In April 2021, Samsher Singh Gill, who goes by Sam, became the third president of the Doris Duke Foundation, leaving his post as senior vice president of the Knight Foundation to head the $2 billion-plus grantmaker established by the last will and testament of the namesake tobacco heiress and socialite.
Almost exactly two years later, Gill joined five other top philanthropic leaders in writing an op-ed arguing for “pluralism” in the sector, in part to stave off supposed threats to funders’ freedom. Their argument immediately ignited a firestorm of conversation, more than any piece of sector commentary in recent memory.
When I was invited to speak to Gill recently, it felt like a good time to check in. I had lots of questions for him, such as how his foundation was handling the payments on the bonds his predecessor had issued during COVID. (Short answer: “It’s gone well.”)
But I particularly wanted to hear about that op-ed.
I wanted to understand what led him to be so sure, as the op-ed put it, that “We behave as if the foundations and individual donors who take stances with which we disagree are also committed to the betterment of society.” I wondered, as the writer and popular sector critic Vu Le pointed out at the time, how he could extend that assumption to funders backing climate denial and voter suppression.
I was curious, to paraphrase the response of Phil Buchanan, the president of the Center for Effective Philanthropy, who, exactly, he thought was threatening the freedom of a sector that wields more than $1.5 trillion in — to borrow Gill’s words during our interview — “effectively unaccountable capital?”
For me, the op-ed called to mind another, by Libra Foundation’s former leader, Crystal Hayling, for IP: “Hey, Philanthropy: Division Isn’t Our Biggest Problem.” To use Hayling’s formulation, and to be frank about my own views, I felt the co-authors had made, at best, a misdiagnosis. My colleague Philip Rojc came to a similar conclusion at the time. But I wanted to understand Gill’s perspective on such critiques.
Last month, Gill and I had a chance to speak at length about both the piece and several other questions. In the interest of space, I’ve limited this account to his responses to criticisms of the op-ed.
Obviously, Gill “can’t speak for the other authors,” as he put it when we spoke. After all, the piece’s headline was “We Disagree on Many Things, but We Speak With One Voice in Support of Philanthropic Pluralism.”
At the end of our hour-long chat, Gill invited me to visit the offices of the Doris Duke Foundation next time I’m in New York City, or to meet up the next time our paths cross, an offer I hope one day to accept — not least to ask him the follow-up questions I overlooked in this interview.
“Inside Philanthropy provides a platform for a lot of the most trenchant critique of what foundations are doing now — and I think that’s an indispensable part of this broader charitable enterprise,” he said. “I think every question you’ve raised is a really important question that our field really needs to grapple with. The worst thing that we can do is try to run away from these questions.”

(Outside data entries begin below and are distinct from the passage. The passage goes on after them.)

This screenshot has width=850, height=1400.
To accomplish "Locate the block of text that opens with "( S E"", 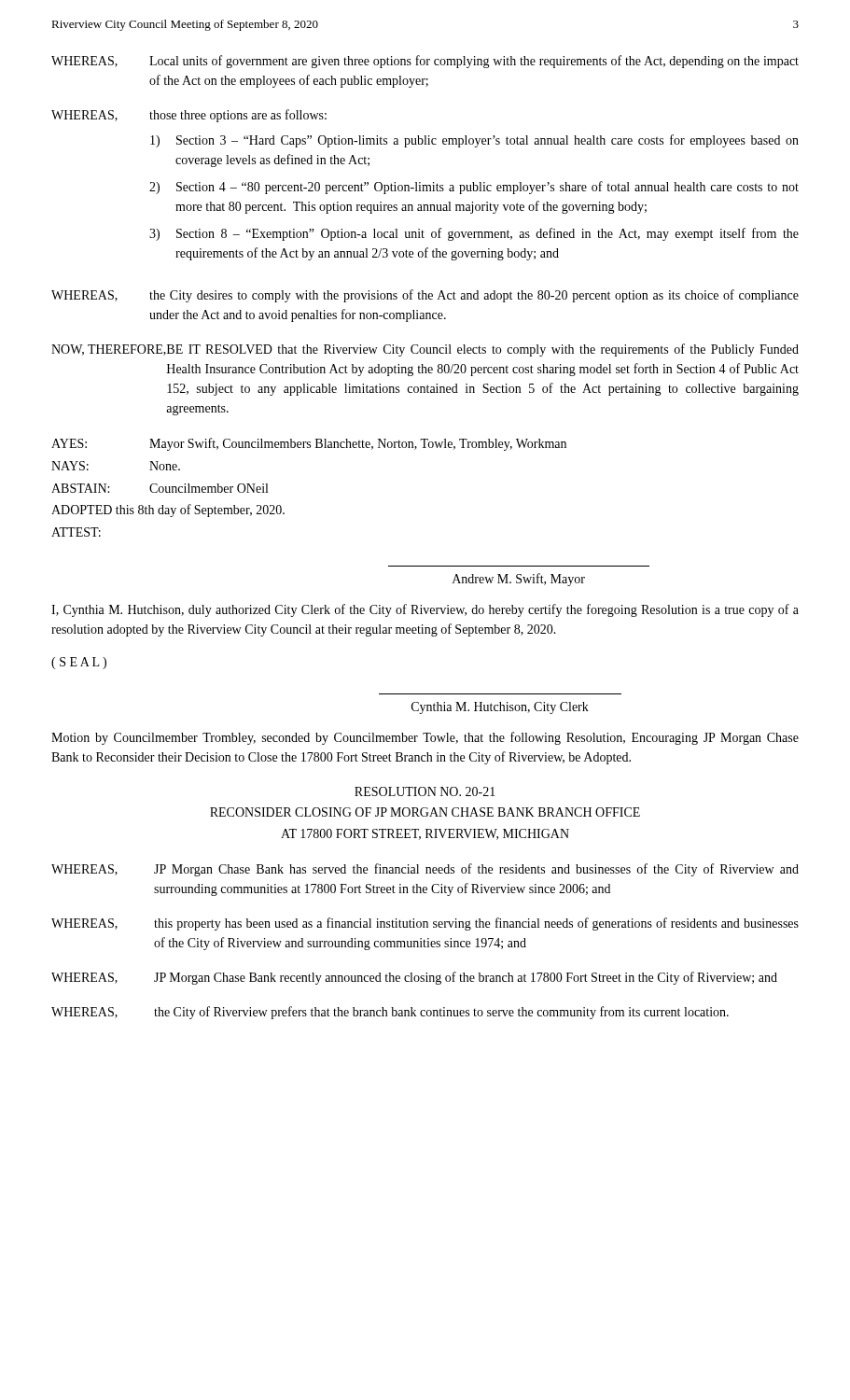I will (x=79, y=662).
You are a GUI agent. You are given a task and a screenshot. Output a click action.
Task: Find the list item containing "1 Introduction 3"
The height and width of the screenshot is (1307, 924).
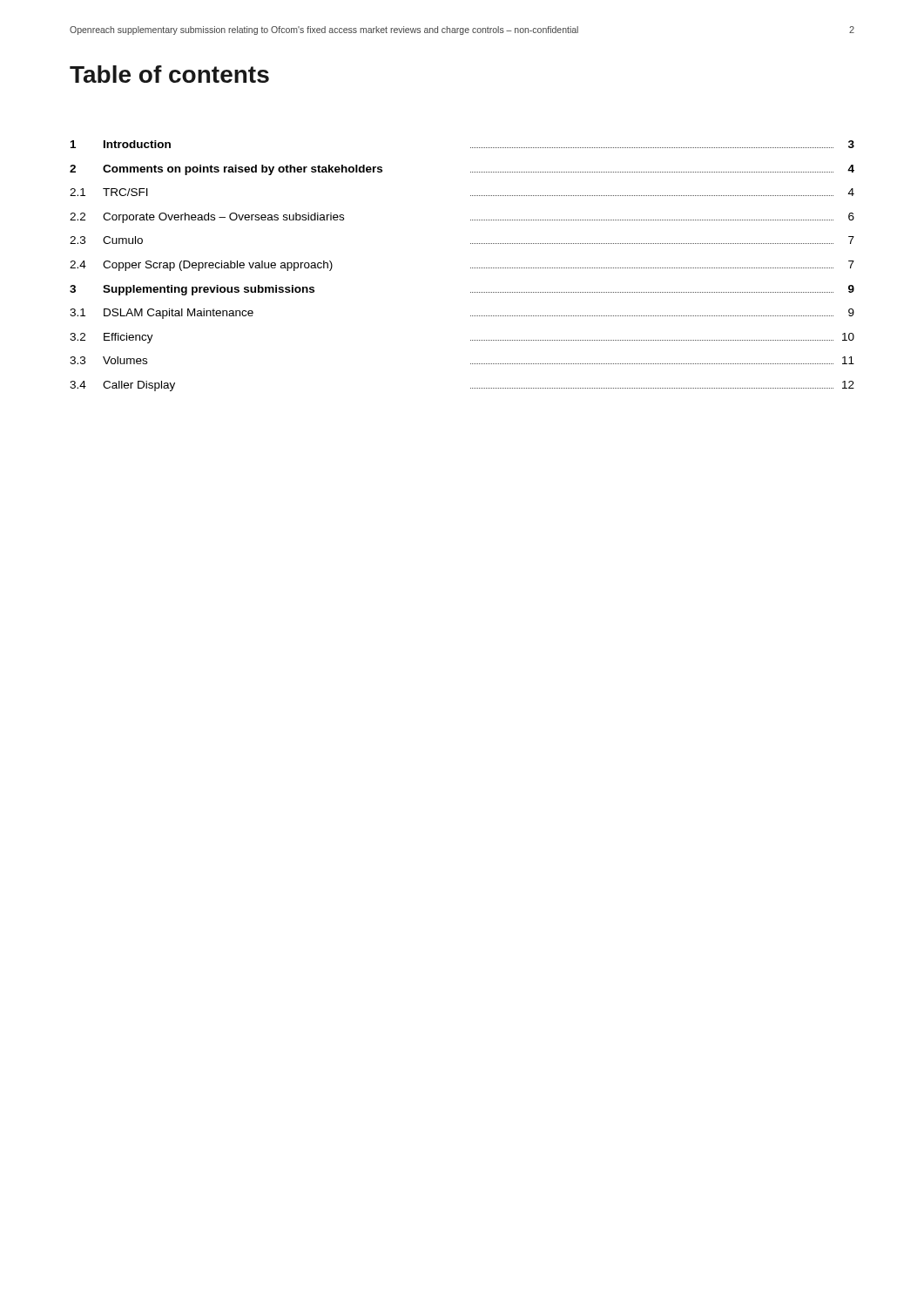(x=462, y=144)

Read on to hear about the connection Gill sees between the cure for sickle cell anemia and philanthropic pluralism, what the reaction to the op-ed taught him, and why, if you disagree with what he has to say, you should still consider sending Doris Duke a grant application. This conversation has been edited for length and clarity, with links added for context.
You were one of the co-authors of the Chronicle of Philanthropy op-ed on pluralism that has attracted a lot of discussion, a lot of criticism. What did that reaction teach you, or tell you?
Beyond that we’re all learning every moment, I don’t know that it taught me anything unique. I was excited to write the piece precisely because I knew that it wasn’t the universal view. The piece actually anticipates many of the objections that were mounted — and so it certainly gave me some insight into who feels those objections most keenly, and with respect to what issues. I still feel very strongly about the piece.
The American experiment, on the one hand, doesn’t work if words like pluralism are a defense for the toleration of profound injustice and the subjection and subjugation of part of the population. But the American project also doesn’t work if there can only be one dogma, one ideology, one right way to see every complex issue. It is really important to figure out what ought to be beyond the bounds of competitive rivalry and negotiated compromise, but there still needs to be a space for that. As others have said, if not pluralism, then what?
The question of what that means in philanthropy is a somewhat different one. That our society allows philanthropy to exist is a really extraordinary thing. This is conceived as effectively unaccountable capital allocation broadly directed toward the public good. That’s an oxymoron in our democracy. We allow it to exist precisely because it sometimes stands outside of the prevailing and dominant opinion in a given sector or field.
You don’t just have to look at the most controversial issues. Some of Doris Duke Foundation’s most exciting and important funding in medicine has been to support researchers who had different ideas about the way that diseases worked or about the way that diseases could be treated.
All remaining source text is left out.